Sunday was mj session at jr's place.. luck was on my side.. till a point where i felt so guilty when ever i win.. so i just diam diam there.. lol.. plus i was feeling veri tired...

why cant i even get a proper answer n not some frustrated tone... i dont see that his frens get this kind of shit when they talk to him.. i so had the urge to say it in his face that i am ur gf.. someone with feelings.. not something for you to vent ur anger on.. but yet i did not.. i just cant bear to do tt..
Suddenly i realised.. this kind of thing has been happening rather frequently.. i really dont know how much longer i can take it though...
But i seriously hope that he wont go over my limit.. bcos i really dont know wat i can do...

Wednesday, March 08, 2006

i shall keep tt previous post to myself n not post it out... i just feel that sometimes the human mouth can be so terrifying.. so... no more of my personal tots here.... i gonna keep it all private...

took the day off... n met up wif beng after my interview... short chit chatting session at tcc.. i did tell him my opinion on someone.. names shall not be mentioned.. playing arcade wif beng... lol... i wanna play more !!!
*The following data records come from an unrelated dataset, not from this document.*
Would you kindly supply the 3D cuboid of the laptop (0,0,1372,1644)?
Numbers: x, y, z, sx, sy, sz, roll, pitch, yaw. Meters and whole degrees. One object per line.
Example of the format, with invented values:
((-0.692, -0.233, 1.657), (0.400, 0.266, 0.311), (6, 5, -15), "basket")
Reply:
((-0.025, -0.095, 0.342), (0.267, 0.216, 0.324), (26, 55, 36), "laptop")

but dear was hungry so we went for dinner... lingzi n lyn came over to find us... been so long since i saw them !!! lingzi is so blur can !! she can walk infront of us n call beng ask where are we... i laugh till bth..

after wards was pool session at sg shopping centre.. mi n lingzi catch up wif each other.. i told her sth thats deep buried within my heart... not even a single soul on earth knows abt it.. yup.. i told her... n surprisingly she felt the same way as i do.. pengz... n now i told charlene abt it.. she also felt the same way as us... how is it possible? mayb that someone really doesnt have a character... ok i should not be bad..

anyway.. after toking to lingzi.. i felt something that i tried to keep within my heart... something that i am not willing to face up to... something that keeps bothering mi every now n then... but i guess its time i face up to reality.. i was supposed to meet up wif rh n wee today.. i wanted to tok to them abt how i feel...but both are not free last min..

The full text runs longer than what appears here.